Aid agency Medecins Sans Frontieres (MSF) (Doctors Without Borders),
which is treating 15 "multi-drug resistant" Myanmar patients in a
refugee camp in Thailand, is acutely aware of the problems of treating
TB patients in fluid populations.

Treatment normally lasts six months, but many patients feel better after
half way through and so stop taking the pills.

"There needs to be a huge push in TB education, in telling people the
extreme importance of taking the treatment properly and not stopping as
soon as you start to feel better," MSF Mae Sot's field coordinator
Andres Romero said. "But with migrants, how do you follow up to ensure
they have not become a defaulter? They've no mobile, no landline, no
address."

STRUGGLING

Although wealthy and advanced by regional standards, Thailand's public
health system in Mae Sot is struggling under the weight of dealing with
an estimated 150,000 migrants from Myanmar -- and the diseases they
bring with them.

Apart from a one-off payment from the Global Fund to treat TB in
migrants, Mae Sot hospital gets no extra government cash for the
thousands of Burmese flooding across the highly porous border, drawn by
the prospect of free health care.

All the signs are of a hospital struggling to cope.

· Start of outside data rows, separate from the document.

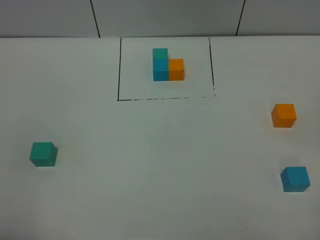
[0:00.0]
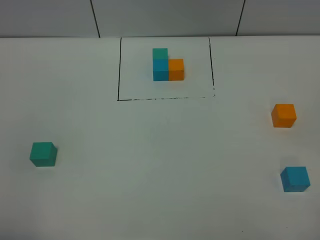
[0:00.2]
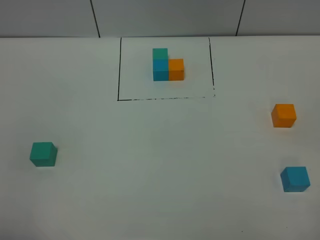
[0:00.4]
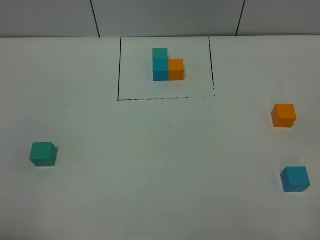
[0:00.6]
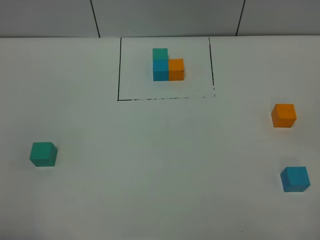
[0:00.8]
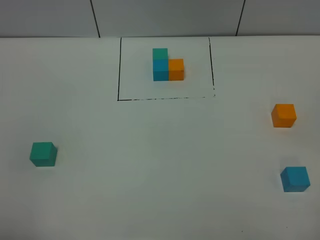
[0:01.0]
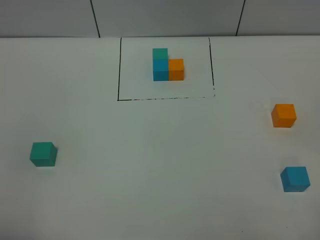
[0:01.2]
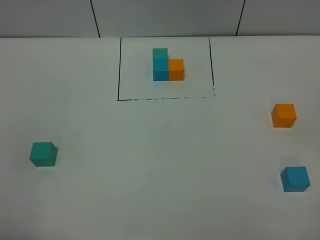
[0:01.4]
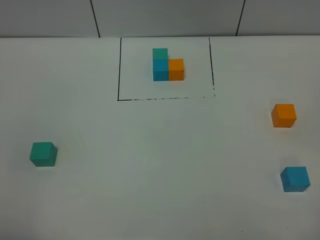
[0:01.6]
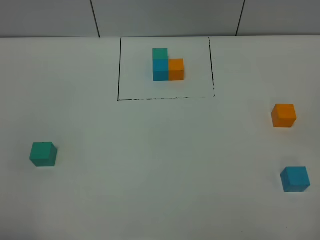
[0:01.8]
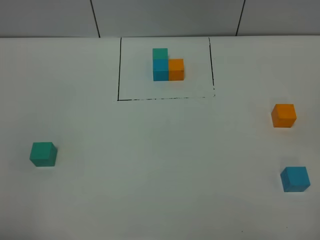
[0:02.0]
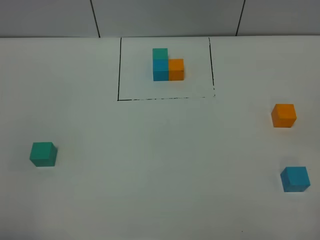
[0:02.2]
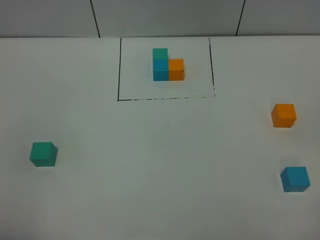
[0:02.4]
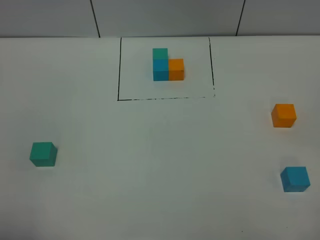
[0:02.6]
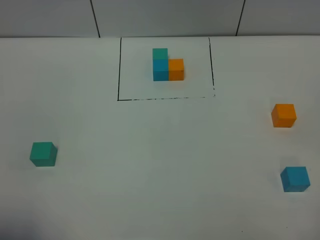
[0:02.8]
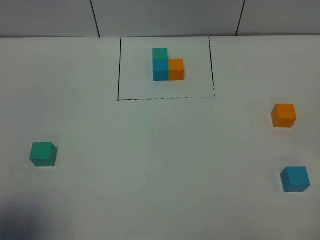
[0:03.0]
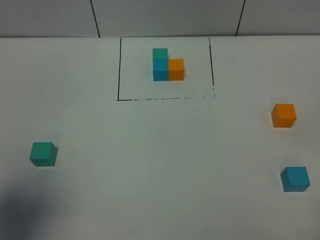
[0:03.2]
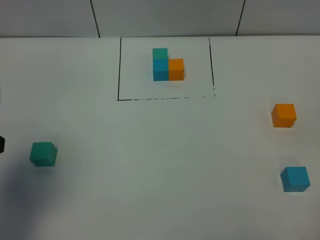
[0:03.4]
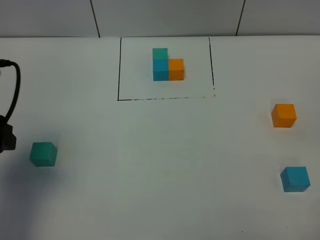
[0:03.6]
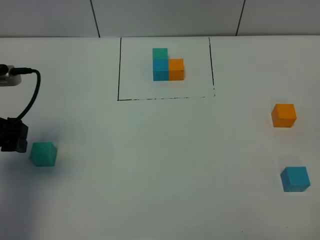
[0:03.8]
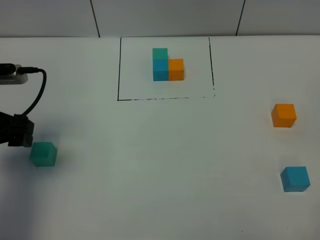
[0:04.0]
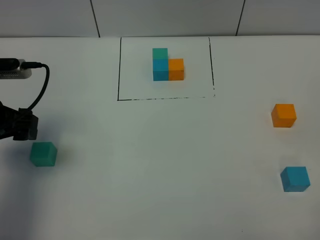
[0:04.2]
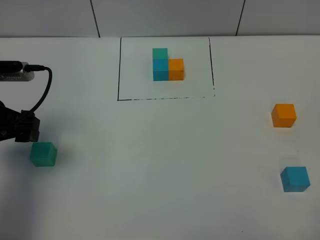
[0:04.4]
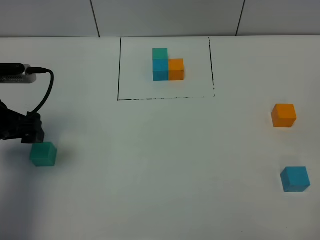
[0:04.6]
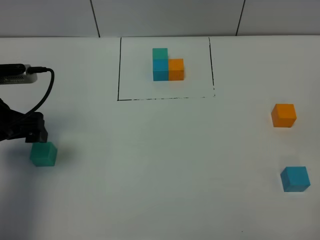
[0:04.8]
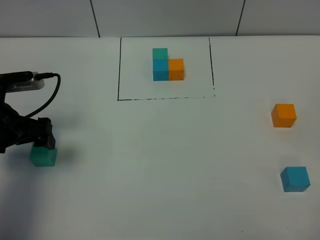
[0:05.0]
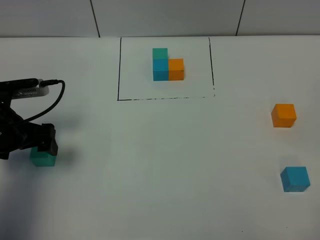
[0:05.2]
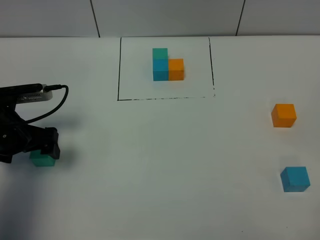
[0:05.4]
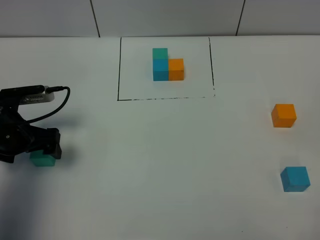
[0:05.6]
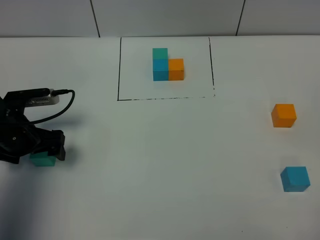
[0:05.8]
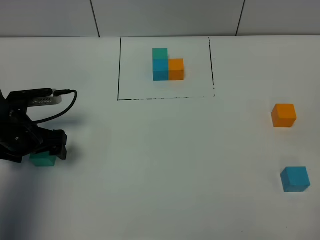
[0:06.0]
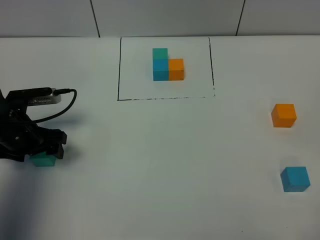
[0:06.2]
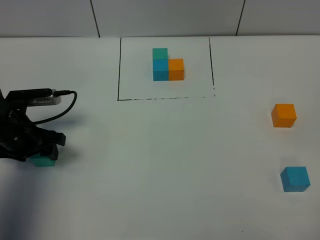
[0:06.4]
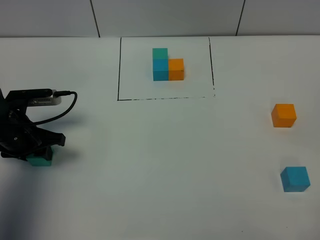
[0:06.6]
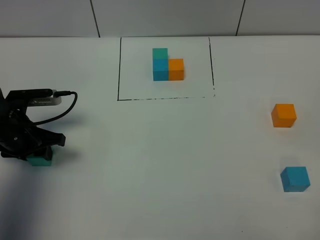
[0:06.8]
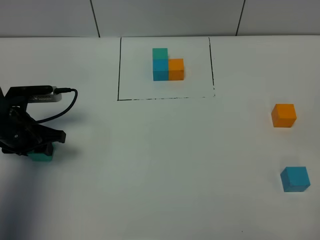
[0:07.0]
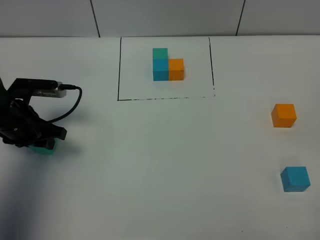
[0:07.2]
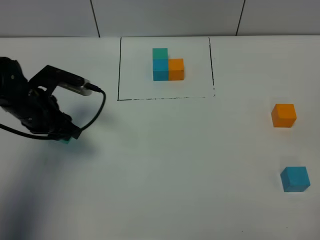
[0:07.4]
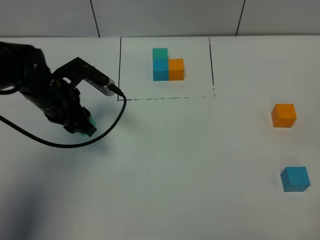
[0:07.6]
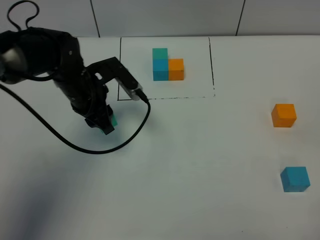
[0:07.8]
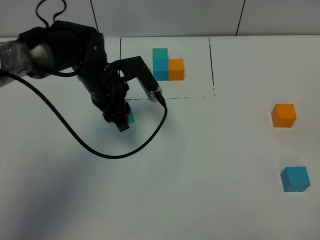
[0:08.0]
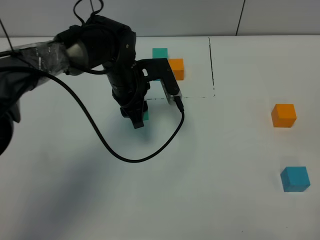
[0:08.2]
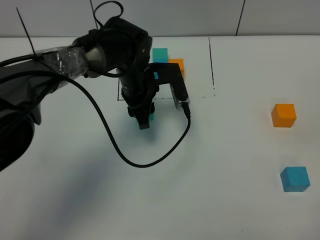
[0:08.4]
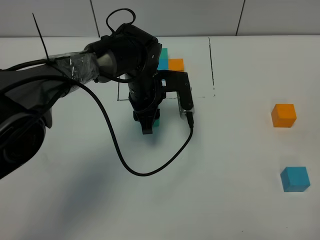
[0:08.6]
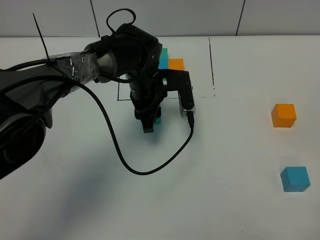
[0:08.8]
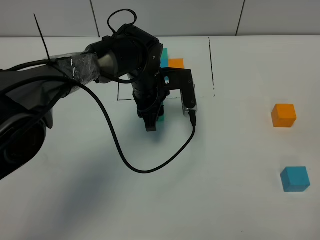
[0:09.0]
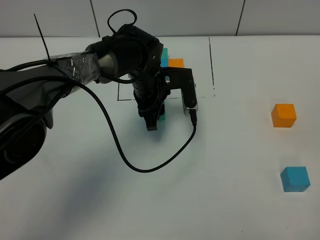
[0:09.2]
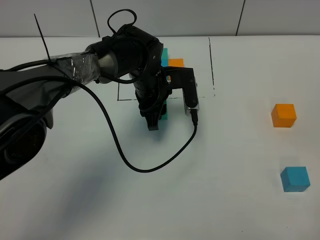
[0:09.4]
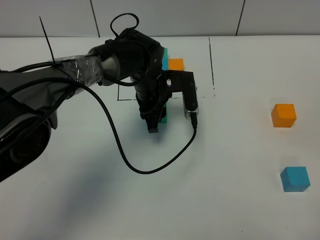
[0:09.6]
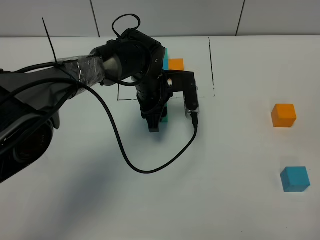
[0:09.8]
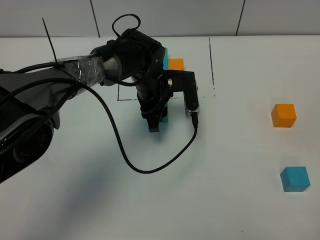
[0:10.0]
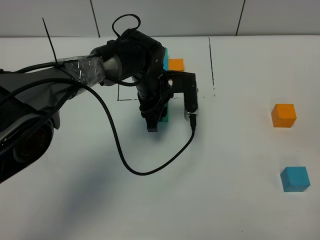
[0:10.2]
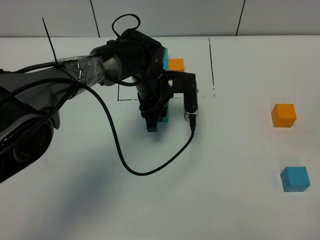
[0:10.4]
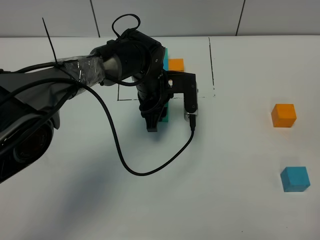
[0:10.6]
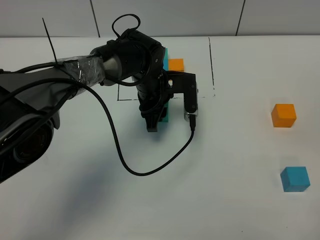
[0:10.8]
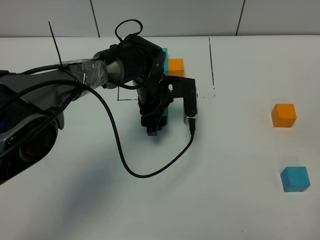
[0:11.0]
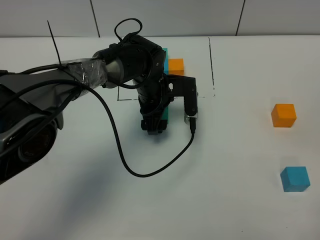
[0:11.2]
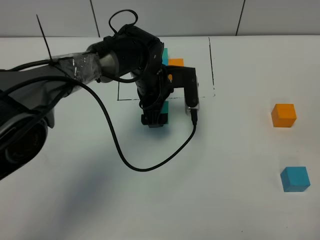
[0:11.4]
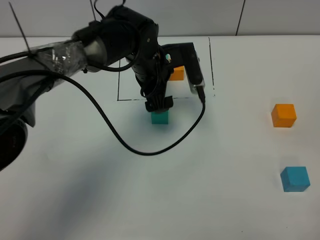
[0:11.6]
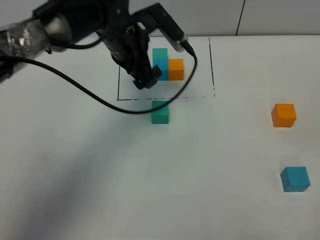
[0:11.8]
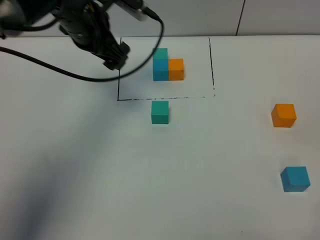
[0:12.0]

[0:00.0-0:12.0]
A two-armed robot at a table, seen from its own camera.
Task of the whole recording: According to the building block template in front, assemble the scattered blocks together.
Step, 0:00.0 to 0:11.0: Put the green build block in the center of the table.
0:00.0 to 0:01.6: The two grippers keep their place.
0:01.6 to 0:03.0: The left gripper travels forward by about 10 cm.
0:03.0 to 0:04.4: The left gripper moves forward and downward, some 20 cm.
0:04.4 to 0:06.0: The left gripper travels downward by approximately 10 cm.
0:06.0 to 0:07.6: The left gripper goes approximately 10 cm to the right, and closes up.
0:07.6 to 0:09.0: The left gripper goes approximately 15 cm to the right.
0:09.0 to 0:10.4: The grippers make only small movements.
0:10.4 to 0:12.0: The left gripper travels upward and to the left by approximately 20 cm, and opens its fingers.

Its open-air corridors are choked with beds and patients hooked up to
drips beneath whirring ceiling fans. Relatives of the sick, who range
from landmine amputees to TB patients on respirators, lie curled up on
reed mats beneath many of the beds.

"We treat every patient who comes here, Burmese or Thai, exactly the
same. Not to do so would be completely unethical," director Kanoknart
Pisultakoon said.

"Often the Burmese have tried to treat themselves and it hasn't worked
so when they come to hospital they are very sick. Then, when they get
better, they go back to Myanmar and tell their friends.

"The word spreads and every year, there are more migrants, more patients
and more serious diseases," Kanoknart said. "It makes me worry for the
future -- how we can control the migrants."